Scheidender Chef der europäischen Polizeibehörde zieht Bilanz
Max-Peter Ratzel im Gespräch mit Silvia Engels
[dradio.de] Max-Peter Ratzel, scheidender Direktor der europäischen Polizeibehörde Europol, ist zufrieden mit deren Entwicklung. Man habe konkrete Unterstützungsmaßnahmen in Mitgliedsländern durchführen können. Sorge bereitet Ratzel, dass im Euroraum nach wie vor Anschlagsplanungen im Gange sind.
Silvia Engels: Vier Jahre lang war Max-Peter Ratzel Direktor der europäischen Polizeibehörde Europol. Mit dem heutigen Tag übergibt er die Geschäfte an den Briten an Rob Wainwright. In Zeiten der wachsenden Terrorismusbedrohung und der zunehmenden grenzüberschreitenden Kriminalität hat er sich für eine bessere Vernetzung und mehr Kompetenzen für Europol stark gemacht. Nun ist er am Telefon. Guten Morgen, Herr Ratzel!
Max-Peter Ratzel: Guten Morgen, Frau Engels!
Engels: Welche Bilanz ziehen Sie nach vier Jahren? War Europol erfolgreich?
Ratzel: Nach vier Jahren kann ich die Bilanz ziehen, dass der Ausbau von Europol weiter vorangeschritten ist, dass die Behörde, die im Sommer diesen Jahres ihren zehnjährigen Geburtstag feiern wird, sich konstituiert hat und eine gewisse Reife erreicht hat und als Partner in der internationalen Verbrechensbekämpfung nicht nur innerhalb der Europäischen Union, sondern darüber hinaus auch mit sogenannten Drittpartnern sehr gut anerkannt worden ist.
Engels: Machen wir es konkret: Können Sie Fälle benennen, in denen Europol geholfen hat und ist das alte Misstrauen, das es ja in den EU-Mitgliedsländern gab, langsam überwunden?

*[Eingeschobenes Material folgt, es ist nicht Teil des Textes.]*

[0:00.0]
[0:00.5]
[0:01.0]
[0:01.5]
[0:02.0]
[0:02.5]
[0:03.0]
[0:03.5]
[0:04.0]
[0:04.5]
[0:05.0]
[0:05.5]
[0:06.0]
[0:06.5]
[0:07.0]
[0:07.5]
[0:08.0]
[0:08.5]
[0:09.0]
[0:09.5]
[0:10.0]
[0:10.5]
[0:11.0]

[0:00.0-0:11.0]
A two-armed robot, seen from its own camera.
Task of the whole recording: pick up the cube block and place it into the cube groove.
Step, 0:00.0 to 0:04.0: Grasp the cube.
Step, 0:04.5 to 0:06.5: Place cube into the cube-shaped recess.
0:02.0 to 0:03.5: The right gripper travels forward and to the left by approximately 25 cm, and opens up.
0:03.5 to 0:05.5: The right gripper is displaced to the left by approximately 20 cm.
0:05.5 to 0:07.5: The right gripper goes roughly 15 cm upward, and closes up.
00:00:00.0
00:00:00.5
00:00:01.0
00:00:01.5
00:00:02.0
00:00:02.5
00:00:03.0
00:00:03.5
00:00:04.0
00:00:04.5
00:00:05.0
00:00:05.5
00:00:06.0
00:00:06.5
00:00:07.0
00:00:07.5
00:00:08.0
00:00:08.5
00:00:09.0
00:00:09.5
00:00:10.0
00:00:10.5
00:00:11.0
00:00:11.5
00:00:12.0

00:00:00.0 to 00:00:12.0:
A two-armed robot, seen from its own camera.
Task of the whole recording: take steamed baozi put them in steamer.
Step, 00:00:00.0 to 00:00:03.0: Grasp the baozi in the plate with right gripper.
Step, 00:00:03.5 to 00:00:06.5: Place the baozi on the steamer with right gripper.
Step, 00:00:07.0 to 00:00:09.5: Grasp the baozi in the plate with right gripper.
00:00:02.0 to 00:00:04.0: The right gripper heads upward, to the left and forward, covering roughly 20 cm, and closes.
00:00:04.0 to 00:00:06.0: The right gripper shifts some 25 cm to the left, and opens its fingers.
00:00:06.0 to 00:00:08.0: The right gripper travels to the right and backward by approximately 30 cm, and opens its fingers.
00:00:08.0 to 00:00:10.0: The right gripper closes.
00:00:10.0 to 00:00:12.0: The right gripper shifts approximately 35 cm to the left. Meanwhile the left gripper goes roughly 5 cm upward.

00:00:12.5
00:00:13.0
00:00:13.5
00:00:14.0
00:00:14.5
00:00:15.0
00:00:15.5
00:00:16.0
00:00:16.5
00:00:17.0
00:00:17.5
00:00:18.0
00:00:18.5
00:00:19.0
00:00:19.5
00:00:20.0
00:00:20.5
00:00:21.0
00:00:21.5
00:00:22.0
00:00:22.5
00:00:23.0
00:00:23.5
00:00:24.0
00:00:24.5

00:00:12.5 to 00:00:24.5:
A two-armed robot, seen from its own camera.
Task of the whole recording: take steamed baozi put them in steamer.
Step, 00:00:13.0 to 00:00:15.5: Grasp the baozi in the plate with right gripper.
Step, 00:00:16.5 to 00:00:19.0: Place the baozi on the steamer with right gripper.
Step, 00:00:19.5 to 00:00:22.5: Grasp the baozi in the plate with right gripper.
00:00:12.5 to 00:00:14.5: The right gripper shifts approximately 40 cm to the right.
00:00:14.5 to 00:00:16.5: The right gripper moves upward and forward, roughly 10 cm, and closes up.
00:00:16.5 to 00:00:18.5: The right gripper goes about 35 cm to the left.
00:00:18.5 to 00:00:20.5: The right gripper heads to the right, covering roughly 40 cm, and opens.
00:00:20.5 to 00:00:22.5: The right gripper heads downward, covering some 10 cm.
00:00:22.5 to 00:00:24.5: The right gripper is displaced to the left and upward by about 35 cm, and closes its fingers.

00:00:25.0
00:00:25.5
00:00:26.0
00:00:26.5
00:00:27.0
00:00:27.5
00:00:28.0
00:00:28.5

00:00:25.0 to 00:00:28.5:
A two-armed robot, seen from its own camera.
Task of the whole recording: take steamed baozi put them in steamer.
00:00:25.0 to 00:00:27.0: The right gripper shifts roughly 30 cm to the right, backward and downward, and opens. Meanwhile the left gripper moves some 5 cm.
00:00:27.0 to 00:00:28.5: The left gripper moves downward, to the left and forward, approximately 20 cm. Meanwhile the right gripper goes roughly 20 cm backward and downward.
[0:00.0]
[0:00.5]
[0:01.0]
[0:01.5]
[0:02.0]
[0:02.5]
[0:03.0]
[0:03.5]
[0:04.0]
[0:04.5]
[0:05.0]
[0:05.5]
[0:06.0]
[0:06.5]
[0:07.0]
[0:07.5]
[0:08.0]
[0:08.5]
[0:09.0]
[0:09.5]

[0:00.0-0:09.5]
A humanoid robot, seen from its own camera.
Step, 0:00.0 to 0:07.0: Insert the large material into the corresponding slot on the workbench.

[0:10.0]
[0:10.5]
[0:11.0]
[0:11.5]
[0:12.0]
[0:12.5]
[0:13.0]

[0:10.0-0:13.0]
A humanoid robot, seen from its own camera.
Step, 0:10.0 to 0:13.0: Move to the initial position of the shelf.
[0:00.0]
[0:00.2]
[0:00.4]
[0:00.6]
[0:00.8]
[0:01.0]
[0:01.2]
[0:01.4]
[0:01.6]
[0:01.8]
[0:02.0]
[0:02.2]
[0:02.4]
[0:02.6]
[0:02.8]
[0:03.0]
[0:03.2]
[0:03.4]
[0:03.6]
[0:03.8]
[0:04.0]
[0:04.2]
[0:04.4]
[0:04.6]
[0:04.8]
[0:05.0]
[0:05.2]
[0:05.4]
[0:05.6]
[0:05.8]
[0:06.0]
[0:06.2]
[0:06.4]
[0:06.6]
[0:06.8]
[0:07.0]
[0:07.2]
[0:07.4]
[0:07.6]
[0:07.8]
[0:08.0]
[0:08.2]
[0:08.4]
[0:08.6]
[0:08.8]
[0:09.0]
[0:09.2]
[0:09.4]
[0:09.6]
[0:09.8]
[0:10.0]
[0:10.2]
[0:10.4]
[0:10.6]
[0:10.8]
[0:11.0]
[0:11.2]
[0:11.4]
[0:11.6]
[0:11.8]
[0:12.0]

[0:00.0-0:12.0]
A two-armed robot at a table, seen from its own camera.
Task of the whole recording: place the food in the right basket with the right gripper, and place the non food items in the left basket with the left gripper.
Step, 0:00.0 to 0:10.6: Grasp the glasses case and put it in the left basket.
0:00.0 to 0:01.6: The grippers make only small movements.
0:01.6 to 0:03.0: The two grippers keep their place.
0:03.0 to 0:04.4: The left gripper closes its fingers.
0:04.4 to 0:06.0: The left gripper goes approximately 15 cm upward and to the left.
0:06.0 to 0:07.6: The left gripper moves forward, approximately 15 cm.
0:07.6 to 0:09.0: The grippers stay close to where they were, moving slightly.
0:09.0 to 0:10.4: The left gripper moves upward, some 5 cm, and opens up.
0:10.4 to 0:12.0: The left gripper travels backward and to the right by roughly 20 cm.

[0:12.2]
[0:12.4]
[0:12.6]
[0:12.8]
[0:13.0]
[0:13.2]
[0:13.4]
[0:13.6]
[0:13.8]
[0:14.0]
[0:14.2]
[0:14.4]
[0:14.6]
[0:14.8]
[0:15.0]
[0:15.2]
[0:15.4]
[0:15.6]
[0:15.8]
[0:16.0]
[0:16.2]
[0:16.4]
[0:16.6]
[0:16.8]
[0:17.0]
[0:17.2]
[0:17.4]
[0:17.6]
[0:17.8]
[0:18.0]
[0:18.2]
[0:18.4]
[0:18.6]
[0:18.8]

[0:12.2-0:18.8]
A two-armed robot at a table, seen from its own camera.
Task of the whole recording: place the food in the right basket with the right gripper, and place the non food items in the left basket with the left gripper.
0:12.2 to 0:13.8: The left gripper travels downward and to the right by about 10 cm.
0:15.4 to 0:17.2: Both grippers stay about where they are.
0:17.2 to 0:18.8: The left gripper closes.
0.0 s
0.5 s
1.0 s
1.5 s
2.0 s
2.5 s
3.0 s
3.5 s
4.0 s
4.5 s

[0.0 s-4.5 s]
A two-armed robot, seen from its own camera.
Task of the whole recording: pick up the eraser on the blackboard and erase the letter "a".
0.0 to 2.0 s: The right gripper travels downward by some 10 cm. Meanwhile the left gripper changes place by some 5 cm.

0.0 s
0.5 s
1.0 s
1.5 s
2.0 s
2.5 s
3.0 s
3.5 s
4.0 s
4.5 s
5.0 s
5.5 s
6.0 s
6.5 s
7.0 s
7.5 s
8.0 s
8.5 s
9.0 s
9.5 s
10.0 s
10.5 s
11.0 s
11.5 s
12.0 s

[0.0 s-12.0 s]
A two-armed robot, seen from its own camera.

Ratzel: Wir haben eine ganze Reihe von sehr konkreten operativen Unterstützungsmaßnahmen in den Mitgliedsstaaten durchführen können, die immer auf zwei Faktoren basiert haben: Zum einen haben uns die Mitgliedsstaaten ausdrücklich dazu eingeladen, fortzukommen, das drückt sehr ausdrücklich und sehr eindrücklich das Vertrauen aus, das uns entgegengebracht worden ist. Und die zweite wesentliche Einschränkung war, dass Europol-Mitarbeiter keinerlei Exekutivkompetenzen haben, das heißt, Festnahmen, Durchsuchungen, Beschlagnahmungen sind immer von Ortskräften durchgeführt worden, nicht von Europol-Mitarbeitern. Und dieses bilaterale System der Unterstützung durch Europol für die örtlichen Kräfte hat sich sehr gut in vielen Fallkonstellationen bewährt.
Engels: Welches ist der spektakulärste Fall, an den Sie sich erinnern, über den Sie auch sprechen können, wo Europol geholfen hat?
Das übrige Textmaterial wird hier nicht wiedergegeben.